*Stored data*:
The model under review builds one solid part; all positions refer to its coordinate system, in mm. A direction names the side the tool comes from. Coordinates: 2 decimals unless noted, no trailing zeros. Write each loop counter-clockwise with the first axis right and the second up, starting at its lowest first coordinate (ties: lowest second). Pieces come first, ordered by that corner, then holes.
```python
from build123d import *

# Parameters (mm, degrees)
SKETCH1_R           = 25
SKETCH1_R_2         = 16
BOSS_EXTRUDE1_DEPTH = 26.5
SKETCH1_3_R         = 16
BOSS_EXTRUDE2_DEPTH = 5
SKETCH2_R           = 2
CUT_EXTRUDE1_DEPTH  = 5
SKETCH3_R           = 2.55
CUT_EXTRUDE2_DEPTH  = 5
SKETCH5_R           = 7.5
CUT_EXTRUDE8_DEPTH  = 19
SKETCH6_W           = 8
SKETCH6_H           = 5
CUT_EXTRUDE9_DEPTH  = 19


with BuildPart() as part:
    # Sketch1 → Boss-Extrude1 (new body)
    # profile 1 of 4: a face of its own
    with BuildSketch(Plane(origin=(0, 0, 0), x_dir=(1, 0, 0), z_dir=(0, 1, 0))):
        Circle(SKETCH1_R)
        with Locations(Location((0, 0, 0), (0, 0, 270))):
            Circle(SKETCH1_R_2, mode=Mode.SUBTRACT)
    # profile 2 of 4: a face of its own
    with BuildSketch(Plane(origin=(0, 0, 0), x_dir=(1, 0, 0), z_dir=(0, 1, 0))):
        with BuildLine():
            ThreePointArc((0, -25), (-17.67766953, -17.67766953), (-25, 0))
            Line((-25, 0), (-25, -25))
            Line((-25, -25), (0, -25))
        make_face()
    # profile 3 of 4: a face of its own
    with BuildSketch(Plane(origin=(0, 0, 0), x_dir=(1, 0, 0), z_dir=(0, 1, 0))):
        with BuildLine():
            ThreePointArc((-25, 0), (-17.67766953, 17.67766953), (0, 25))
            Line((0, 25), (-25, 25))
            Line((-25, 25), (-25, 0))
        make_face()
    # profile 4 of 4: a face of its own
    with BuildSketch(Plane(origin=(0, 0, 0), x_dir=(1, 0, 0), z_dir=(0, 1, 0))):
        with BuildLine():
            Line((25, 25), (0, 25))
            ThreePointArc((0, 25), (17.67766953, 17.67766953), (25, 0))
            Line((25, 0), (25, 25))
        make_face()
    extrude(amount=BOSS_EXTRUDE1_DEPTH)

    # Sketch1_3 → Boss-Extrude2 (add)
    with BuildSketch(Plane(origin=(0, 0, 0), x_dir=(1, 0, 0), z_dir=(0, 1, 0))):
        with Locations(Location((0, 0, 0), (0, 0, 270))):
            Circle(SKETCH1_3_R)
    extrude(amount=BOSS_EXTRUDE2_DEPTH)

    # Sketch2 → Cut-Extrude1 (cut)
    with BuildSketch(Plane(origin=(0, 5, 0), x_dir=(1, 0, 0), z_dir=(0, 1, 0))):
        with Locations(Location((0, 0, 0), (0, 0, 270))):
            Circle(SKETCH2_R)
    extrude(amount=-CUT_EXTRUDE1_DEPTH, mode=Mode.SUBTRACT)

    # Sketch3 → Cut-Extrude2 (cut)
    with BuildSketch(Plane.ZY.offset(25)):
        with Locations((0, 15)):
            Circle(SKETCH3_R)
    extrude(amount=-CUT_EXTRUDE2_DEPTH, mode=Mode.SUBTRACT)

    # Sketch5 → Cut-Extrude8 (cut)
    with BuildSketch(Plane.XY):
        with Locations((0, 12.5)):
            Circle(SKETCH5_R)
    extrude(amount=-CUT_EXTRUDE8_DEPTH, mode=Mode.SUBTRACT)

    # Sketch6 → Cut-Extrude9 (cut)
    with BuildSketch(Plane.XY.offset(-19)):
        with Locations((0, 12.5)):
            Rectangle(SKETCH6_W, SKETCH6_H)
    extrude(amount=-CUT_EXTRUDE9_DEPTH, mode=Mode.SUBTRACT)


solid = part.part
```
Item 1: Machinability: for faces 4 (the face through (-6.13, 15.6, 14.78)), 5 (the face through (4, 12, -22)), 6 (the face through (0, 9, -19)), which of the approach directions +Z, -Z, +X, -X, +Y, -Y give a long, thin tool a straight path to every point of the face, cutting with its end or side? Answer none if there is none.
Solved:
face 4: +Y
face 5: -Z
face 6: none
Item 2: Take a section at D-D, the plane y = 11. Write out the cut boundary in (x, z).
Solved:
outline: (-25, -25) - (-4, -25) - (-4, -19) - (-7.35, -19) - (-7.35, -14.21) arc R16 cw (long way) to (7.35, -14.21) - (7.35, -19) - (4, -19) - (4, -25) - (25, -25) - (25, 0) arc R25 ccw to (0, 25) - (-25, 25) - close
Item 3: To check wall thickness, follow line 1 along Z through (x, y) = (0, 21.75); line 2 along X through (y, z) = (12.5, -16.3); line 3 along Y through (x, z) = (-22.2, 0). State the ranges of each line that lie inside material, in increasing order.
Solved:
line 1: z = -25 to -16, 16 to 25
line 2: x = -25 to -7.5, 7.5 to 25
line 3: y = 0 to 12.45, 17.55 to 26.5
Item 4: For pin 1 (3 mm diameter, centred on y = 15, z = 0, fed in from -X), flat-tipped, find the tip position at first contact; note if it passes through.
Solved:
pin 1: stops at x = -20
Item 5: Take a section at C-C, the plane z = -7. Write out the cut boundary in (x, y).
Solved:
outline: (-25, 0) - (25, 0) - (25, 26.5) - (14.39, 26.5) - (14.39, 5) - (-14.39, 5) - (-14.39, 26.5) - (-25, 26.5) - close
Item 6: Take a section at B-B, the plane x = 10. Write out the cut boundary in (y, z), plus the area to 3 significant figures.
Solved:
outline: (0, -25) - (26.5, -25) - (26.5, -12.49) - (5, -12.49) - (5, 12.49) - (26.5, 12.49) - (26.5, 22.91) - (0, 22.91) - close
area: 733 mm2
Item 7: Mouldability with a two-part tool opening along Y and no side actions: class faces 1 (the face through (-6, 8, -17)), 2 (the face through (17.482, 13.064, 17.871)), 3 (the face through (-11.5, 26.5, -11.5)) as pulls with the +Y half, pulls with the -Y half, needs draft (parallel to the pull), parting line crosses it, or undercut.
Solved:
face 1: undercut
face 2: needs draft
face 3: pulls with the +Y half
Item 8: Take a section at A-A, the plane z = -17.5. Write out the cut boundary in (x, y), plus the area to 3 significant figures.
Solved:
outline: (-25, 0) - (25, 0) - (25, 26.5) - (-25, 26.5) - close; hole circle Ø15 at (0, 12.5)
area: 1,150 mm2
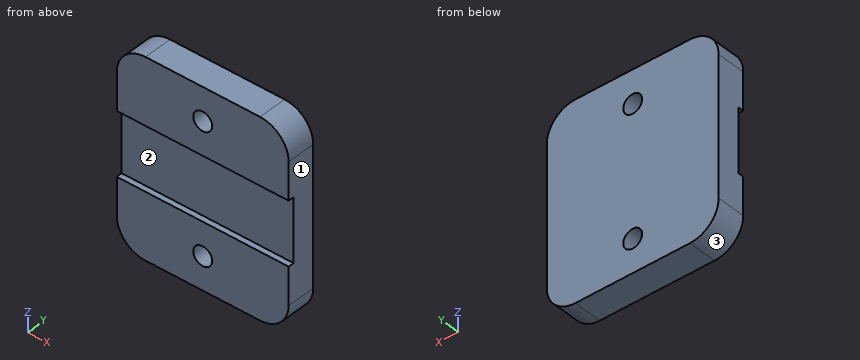
from build123d import *

# Parameters (mm, degrees)
SKETCH1_W           = 30
SKETCH1_H           = 34
BOSS_EXTRUDE1_DEPTH = 5
SKETCH2_W           = 11
SKETCH2_H           = 1
CUT_EXTRUDE1_DEPTH  = 31
FILLET1_R           = 5
SKETCH6_R           = 1.65
CUT_EXTRUDE2_DEPTH  = 6


with BuildPart() as part:
    # Sketch1 → Boss-Extrude1 (new body)
    with BuildSketch(Plane.XZ.offset(5)):
        Rectangle(SKETCH1_W, SKETCH1_H)
    extrude(amount=-BOSS_EXTRUDE1_DEPTH)

    # Sketch2 → Cut-Extrude1 (cut, through all)
    with BuildSketch(Plane.ZY.offset(15)):
        with Locations((0, -4.5)):
            Rectangle(SKETCH2_W, SKETCH2_H)
    extrude(amount=-CUT_EXTRUDE1_DEPTH, mode=Mode.SUBTRACT)

    # Fillet1
    fillet1_edges = [part.edges().sort_by_distance(p)[0] for p in [
        (15, -2.5, 17),
        (15, -2.5, -17),
        (-15, -2.5, -17),
        (-15, -2.5, 17),
    ]]
    fillet(fillet1_edges, radius=FILLET1_R)

    # Sketch6 → Cut-Extrude2 (cut, through all)
    with BuildSketch(Plane.XZ.offset(5)):
        with Locations((0, 11.25)):
            Circle(SKETCH6_R)
        with Locations((0, -11.25)):
            Circle(SKETCH6_R)
    extrude(amount=-CUT_EXTRUDE2_DEPTH, mode=Mode.SUBTRACT)


solid = part.part
For this review, take the finished solid that the model builds, in its own axes (mm). Face numbers are marked on the shaded views. Coordinates: 2 decimals unless noted, no trailing zeros. Order: outer loops, then holes, each group sorted by start corner. A loop starts at its lowest first (then second) coordinate and runs counter-clockwise, first axis right, second up. Notation, with made-up numbers: (45, 62) -> (80, 62) arc R28 cw to (80, 95) -> close; hole circle Ø3 at (-31, -30). An arc over 180 degrees is marked (long way). Return JSON: item names as keys, results as strings.
1. The part is to be moulded in two halves that separate along Z. For the marked faces 1, 2 and 3, say which applies: +Z half, -Z half, draft (parallel to the pull), parting line (faces both ways), or undercut.
Answer block:
{"face 1": "draft", "face 2": "undercut", "face 3": "-Z half"}
2. We need section D-D on y = -1.7. Write out the cut boundary in (x, z).
Answer block:
{"outline": "(-15, -12) arc R5 ccw to (-10, -17) -> (10, -17) arc R5 ccw to (15, -12) -> (15, 12) arc R5 ccw to (10, 17) -> (-10, 17) arc R5 ccw to (-15, 12) -> close; hole circle Ø3.3 at (0, -11.25); hole circle Ø3.3 at (0, 11.25)"}
3. For line 1 (Z direction, x = 0, y = -1.05); line 2 (Y direction, x = -8.75, z = -4); line 3 (Z direction, x = 10.25, y = -1.8), list the stretches that pass through material, from the lowest coordinate up. Write a range as from..to.
Answer block:
{"line 1": "-17..-12.9, -9.6..9.6, 12.9..17", "line 2": "-4..0", "line 3": "-16.99..16.99"}
4. For pin 1 Ø5.5 at (x, z) = (3, 1.5) entering from -Y, flat-tipped, find the tip position at first contact; note if it passes through.
Answer block:
{"pin 1": "y = -4"}
5. We need section B-B on z = 11.25. Write out the cut boundary in (x, y), and give its area (4 significant figures).
Answer block:
{"outline": "(-15, -5) -> (-1.65, -5) -> (-1.65, 0) -> (-15, 0) -> close; (1.65, -5) -> (15, -5) -> (15, 0) -> (1.65, 0) -> close", "area": "133.5 mm²"}
6. We need section C-C on x = 0. Write out the cut boundary in (y, z).
Answer block:
{"outline": "(-5, -17) -> (0, -17) -> (0, -12.9) -> (-5, -12.9) -> close; (-5, -9.6) -> (0, -9.6) -> (0, 9.6) -> (-5, 9.6) -> (-5, 5.5) -> (-4, 5.5) -> (-4, -5.5) -> (-5, -5.5) -> close; (-5, 12.9) -> (0, 12.9) -> (0, 17) -> (-5, 17) -> close"}
7. We need section A-A on y = -4.4. Write out the cut boundary in (x, z), and give its area (3 significant figures).
Answer block:
{"outline": "(-15, -12) arc R5 ccw to (-10, -17) -> (10, -17) arc R5 ccw to (15, -12) -> (15, -5.5) -> (-15, -5.5) -> close; (-15, 5.5) -> (15, 5.5) -> (15, 12) arc R5 ccw to (10, 17) -> (-10, 17) arc R5 ccw to (-15, 12) -> close; hole circle Ø3.3 at (0, -11.25); hole circle Ø3.3 at (0, 11.25)", "area": "651 mm²"}

*Exercise*: What you return must be an exact retyping of the lines above starting at the line with "pin 1: stops at x = -20" and ending at the line with "(-14.39, 26.5) - (-25, 26.5) - close", and nothing besides.

*Answer area*:
pin 1: stops at x = -20
Item 5: Take a section at C-C, the plane z = -7. Write out the cut boundary in (x, y).
Solved:
outline: (-25, 0) - (25, 0) - (25, 26.5) - (14.39, 26.5) - (14.39, 5) - (-14.39, 5) - (-14.39, 26.5) - (-25, 26.5) - close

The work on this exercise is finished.